Bu başkaldırının en önemli dayanaklarından biri, kişinin bilgiye kendisinin kolayca erişebilmesi vakıasıdır. Bu da bir ikilem taşır. Evet, kişinin dilediği bilgiye erişmesi olumludur ama eriştiği bilgi acaba hakikati kavraması için yeterli midir? Erişilen bilgiyle oluşturulan fikir, doğru tutum mudur? Ki eğer “hakikati kendi eliyle elde ettiği ve başka bir şeye ihtiyaç duymadığı inancı” içinde olursa bu, onu başka tüm bilgi ve fikirlere kapalı hâle getirmez mi? Bilme kibrinin yaygınlaşması... Bu önemli bir sorun olarak karşımıza çıkmaktadır. Bilme erdemli bir eylem ama eksik bilme ve eksik bildiğini fark etmeme, kendini eksik bilgisine rağmen tam ve yetkin görme, tam manasıyla bir kibirdir. Bilme kibri, kişinin tümel bilgiye bir başkaldırısı gibi görünür. Ama bu, insanı “olduğundan daha iyi” duruma taşıyacak bir başkaldırı değildir. Bu başkaldırı, kendini yetkin görerek başka bilgi ve yorumlara daha en baştan karşı çıkma davranışına yol açar. Bu noktada dijital teknolojide gizli bir tuzak karşımıza çıkar. Dijital teknoloji tüm bilgilere aracısız ve sınırsızca erişim ortamı olması bakımından, herhangi bir süzgeçten geçirmeden her türlü bilginin içselleştirilmesi sonucunu doğurmaktadır.
Sonuç
Zihinlerin sükûnet bulamayacak kadar savrulması, sayısız bilgiyi süzememesi ve bu nedenle yeterli düzeyde reel ve rasyonel analizler yapamaması, kişiyi her türlü yönlendirmeye açık hâle getirmektedir. O, özgür olduğunu zanneder ama aslında onu kuşatan dijital mağaranın telkinleri ile karar vermeye eğilimli olur.

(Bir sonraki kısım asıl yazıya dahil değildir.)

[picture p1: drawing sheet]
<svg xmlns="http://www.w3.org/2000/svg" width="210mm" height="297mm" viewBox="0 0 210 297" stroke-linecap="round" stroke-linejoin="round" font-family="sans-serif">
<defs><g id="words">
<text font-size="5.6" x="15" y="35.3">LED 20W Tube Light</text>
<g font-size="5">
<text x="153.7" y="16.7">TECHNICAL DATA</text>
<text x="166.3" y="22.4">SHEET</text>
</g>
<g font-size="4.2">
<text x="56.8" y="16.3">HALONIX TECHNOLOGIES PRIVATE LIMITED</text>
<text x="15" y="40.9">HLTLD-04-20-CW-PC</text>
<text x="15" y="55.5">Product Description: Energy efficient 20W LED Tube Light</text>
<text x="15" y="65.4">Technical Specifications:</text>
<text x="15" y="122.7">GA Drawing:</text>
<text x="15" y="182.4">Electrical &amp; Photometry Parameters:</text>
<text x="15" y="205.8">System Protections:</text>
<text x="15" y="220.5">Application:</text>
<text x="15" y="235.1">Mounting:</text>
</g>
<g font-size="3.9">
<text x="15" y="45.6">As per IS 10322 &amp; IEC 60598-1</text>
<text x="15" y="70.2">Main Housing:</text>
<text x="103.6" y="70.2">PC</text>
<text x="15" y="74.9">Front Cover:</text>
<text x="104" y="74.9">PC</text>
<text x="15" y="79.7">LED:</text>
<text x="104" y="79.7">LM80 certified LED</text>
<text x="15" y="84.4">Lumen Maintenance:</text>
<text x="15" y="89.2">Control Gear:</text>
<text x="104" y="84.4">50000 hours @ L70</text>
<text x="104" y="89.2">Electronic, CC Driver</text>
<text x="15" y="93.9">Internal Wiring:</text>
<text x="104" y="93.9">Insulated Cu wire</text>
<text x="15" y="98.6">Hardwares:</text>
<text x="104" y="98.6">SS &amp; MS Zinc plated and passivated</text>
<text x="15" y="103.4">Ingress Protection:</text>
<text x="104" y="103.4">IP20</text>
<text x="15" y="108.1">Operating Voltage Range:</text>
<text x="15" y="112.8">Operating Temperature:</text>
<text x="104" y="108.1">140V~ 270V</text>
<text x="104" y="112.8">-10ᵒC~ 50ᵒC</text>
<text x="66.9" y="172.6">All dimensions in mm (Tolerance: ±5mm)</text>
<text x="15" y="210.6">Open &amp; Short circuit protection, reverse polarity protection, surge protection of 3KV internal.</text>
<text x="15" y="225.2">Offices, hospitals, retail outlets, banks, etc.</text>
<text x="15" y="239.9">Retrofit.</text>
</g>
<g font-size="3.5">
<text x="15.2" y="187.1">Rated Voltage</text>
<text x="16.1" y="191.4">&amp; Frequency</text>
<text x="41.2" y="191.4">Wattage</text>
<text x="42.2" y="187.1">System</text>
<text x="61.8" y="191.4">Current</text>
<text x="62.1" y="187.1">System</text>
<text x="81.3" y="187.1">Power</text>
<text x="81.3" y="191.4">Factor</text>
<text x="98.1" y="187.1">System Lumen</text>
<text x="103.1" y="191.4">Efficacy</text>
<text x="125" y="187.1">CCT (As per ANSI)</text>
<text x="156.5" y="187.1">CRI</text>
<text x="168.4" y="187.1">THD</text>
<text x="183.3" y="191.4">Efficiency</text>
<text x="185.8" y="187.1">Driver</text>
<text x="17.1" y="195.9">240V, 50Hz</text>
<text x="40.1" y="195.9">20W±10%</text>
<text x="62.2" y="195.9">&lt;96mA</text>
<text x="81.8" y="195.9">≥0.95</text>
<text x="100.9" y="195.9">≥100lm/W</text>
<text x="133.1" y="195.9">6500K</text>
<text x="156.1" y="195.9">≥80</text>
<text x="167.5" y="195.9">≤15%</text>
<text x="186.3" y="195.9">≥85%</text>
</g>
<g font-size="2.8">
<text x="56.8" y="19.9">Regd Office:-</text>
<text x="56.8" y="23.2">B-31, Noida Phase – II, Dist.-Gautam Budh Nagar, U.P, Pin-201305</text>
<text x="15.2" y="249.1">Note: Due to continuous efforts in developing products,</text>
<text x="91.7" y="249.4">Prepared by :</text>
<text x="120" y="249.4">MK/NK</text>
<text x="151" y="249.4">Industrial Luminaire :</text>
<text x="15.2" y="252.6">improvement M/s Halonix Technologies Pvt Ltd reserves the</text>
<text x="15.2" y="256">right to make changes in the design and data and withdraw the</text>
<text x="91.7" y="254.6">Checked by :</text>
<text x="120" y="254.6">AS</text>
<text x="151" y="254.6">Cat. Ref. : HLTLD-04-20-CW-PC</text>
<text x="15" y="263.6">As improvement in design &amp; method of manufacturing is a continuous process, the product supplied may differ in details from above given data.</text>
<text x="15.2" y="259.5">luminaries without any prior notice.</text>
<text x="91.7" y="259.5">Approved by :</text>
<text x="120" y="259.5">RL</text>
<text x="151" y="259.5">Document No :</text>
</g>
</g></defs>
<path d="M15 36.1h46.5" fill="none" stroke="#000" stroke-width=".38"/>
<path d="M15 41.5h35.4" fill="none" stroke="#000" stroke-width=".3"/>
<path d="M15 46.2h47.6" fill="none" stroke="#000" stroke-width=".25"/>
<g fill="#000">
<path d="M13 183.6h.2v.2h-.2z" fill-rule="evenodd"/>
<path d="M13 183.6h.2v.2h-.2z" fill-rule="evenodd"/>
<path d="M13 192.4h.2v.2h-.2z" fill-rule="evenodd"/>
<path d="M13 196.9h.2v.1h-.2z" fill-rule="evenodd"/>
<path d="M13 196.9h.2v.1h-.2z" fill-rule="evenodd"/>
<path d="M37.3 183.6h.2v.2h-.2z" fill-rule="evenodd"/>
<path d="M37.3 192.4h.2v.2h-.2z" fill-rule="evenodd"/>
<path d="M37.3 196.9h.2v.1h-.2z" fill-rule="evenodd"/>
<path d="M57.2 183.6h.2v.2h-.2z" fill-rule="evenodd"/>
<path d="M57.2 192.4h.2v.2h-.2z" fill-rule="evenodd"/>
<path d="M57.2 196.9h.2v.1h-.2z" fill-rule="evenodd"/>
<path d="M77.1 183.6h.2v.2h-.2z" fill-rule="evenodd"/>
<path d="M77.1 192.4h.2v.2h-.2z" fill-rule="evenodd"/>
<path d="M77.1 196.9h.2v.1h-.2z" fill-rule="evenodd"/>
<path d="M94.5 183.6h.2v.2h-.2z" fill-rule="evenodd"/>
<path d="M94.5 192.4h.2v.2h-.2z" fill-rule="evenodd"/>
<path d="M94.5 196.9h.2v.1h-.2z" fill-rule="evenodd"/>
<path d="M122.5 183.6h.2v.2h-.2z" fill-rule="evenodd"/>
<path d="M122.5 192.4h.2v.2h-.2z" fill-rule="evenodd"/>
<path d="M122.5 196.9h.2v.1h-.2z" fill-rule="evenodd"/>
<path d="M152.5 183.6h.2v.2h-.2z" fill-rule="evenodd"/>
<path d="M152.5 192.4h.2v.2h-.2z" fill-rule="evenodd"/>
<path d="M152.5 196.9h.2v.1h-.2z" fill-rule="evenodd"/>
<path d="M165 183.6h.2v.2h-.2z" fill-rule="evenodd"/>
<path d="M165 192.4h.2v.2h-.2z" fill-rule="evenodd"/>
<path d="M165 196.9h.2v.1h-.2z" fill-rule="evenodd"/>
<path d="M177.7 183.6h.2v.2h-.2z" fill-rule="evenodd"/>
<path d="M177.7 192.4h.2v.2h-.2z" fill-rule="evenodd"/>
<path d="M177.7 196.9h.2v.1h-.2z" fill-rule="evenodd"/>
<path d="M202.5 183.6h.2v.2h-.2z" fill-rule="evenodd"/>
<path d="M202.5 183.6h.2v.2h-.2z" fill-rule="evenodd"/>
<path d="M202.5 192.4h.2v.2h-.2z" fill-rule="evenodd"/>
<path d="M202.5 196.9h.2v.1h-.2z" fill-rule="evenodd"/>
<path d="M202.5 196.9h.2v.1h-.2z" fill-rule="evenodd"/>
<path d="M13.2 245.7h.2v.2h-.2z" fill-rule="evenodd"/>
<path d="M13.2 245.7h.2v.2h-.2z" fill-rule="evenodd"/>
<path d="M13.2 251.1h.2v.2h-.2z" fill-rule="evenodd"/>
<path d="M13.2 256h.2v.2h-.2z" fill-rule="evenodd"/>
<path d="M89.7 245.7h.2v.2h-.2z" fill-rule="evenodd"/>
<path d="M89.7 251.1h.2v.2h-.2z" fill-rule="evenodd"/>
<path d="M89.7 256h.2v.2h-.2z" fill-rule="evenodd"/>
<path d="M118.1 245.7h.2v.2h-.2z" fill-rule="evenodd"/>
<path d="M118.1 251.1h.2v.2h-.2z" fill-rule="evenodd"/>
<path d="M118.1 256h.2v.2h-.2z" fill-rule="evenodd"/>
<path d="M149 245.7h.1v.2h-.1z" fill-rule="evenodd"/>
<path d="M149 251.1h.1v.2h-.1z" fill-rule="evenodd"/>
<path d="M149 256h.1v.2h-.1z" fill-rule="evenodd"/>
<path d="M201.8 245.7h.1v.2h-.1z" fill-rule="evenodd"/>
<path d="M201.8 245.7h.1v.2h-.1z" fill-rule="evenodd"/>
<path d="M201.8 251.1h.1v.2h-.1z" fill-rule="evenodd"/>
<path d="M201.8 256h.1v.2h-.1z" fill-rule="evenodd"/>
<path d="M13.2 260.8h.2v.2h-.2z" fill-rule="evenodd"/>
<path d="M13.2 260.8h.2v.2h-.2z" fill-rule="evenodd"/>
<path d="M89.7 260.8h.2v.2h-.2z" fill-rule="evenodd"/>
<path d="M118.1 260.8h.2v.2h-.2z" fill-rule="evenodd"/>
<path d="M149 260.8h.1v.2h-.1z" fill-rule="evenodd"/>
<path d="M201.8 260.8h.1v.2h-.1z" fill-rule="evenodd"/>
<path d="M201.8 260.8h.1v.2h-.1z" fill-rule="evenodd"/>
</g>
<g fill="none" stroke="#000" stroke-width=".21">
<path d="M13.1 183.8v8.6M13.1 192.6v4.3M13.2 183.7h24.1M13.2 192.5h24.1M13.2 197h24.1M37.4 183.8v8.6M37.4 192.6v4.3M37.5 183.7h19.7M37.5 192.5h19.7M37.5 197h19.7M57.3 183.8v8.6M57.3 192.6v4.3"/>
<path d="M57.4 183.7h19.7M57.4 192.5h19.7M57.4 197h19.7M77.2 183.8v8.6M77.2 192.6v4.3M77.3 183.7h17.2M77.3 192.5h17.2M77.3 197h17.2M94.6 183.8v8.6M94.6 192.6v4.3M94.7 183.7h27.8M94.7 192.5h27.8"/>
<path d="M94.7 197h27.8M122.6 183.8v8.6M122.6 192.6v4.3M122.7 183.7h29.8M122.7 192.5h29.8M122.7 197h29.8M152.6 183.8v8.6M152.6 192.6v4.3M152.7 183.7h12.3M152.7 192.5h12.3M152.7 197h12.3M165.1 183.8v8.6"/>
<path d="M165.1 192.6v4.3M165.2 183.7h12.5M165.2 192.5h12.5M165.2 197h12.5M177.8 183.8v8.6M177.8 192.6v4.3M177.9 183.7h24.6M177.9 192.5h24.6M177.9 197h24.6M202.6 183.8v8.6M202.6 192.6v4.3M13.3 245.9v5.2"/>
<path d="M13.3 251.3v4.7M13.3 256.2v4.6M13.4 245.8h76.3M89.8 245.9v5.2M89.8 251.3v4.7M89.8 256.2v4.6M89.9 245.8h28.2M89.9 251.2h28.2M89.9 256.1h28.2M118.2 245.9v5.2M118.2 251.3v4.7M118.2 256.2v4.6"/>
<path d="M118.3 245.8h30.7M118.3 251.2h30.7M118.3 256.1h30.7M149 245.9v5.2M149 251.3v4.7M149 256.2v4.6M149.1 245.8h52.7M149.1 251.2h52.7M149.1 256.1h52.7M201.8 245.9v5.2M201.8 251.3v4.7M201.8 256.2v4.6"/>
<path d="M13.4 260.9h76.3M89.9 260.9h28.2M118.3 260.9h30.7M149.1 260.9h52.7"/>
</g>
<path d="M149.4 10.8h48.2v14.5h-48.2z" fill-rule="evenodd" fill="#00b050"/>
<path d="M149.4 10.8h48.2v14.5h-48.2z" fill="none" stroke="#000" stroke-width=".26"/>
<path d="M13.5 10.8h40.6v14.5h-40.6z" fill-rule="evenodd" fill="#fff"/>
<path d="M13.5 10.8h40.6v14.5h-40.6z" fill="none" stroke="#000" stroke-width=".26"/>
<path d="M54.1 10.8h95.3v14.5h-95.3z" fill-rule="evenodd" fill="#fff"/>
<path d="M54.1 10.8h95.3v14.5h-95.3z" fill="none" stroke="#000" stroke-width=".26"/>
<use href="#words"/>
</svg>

Dijital çağ, içine aldıklarını hem bireysel hem toplumsal yanılsamaların içine atmıştır. Sanılanın aksine, aklını kullanarak kendini yöneten bireylerin sayısı gitgide azalmaktadır. Her şey kişinin elinin altındaysa, dilediği bilgiye kendisi erişiyorsa, dilediği tıklama ile dilediğini yapıyorsa bu, onda artık yetkin birey olduğu tasarımı oluşturur. O, kendini gerçek manada bir muhakemeye tabi tutamaz. Olduğundan çok fazla yetkin ve mütekâmil görür. Bu kişi temelsiz ve içi boş bir kendine güven tutumu içine girer. Bu noktada biz, hayatın içinde sınanmamış bireyselliklerden söz ediyoruz. Kişi her şeyi ret etmeyi başkaldırı ve özgürlüğün gereği olarak görüyorsa ortada bir yanılgı var demektir. Bu tavır, zihni darmadağın eden, ruhu sefalete düşüren bir iç durumdur. İyi uğruna, yani insaniliği yücelten değerler adına başkaldırmak erdemdir. Bu nedenle, başkaldırı, insani değerler adına olursa kazanımdır.
Evet, başkaldırmak gerekir. Ama dijital dünyanın egemenlerine, bu dünyayı sevk ve idare edenlere, bu dünyada insan zihnine suikast düzenleyenlere başkaldırmak lazımdır. Bunun için öncelikle dijital dünyayı doğru kavramak, dijital teknolojinin doğasını ve yapısını doğru değerlendirmek gerekir. Şayet bir sorun varsa çözüme giden yol, olup biteni asıl temelleriyle kavrayıp gerçek nedenleri bilmek ve gereğini yapmaktan geçer. Bu, akılcı olmayı, aklını kullanmayı gerektirir. Ancak kendinin ve düzeyinin farkında olan, ne yapıp ne yapamayacağını bilen bir kişi “aklını kullanır.” Bütün bunların yolu da bilinci insani değerlerle dolduran tefekkürden geçer.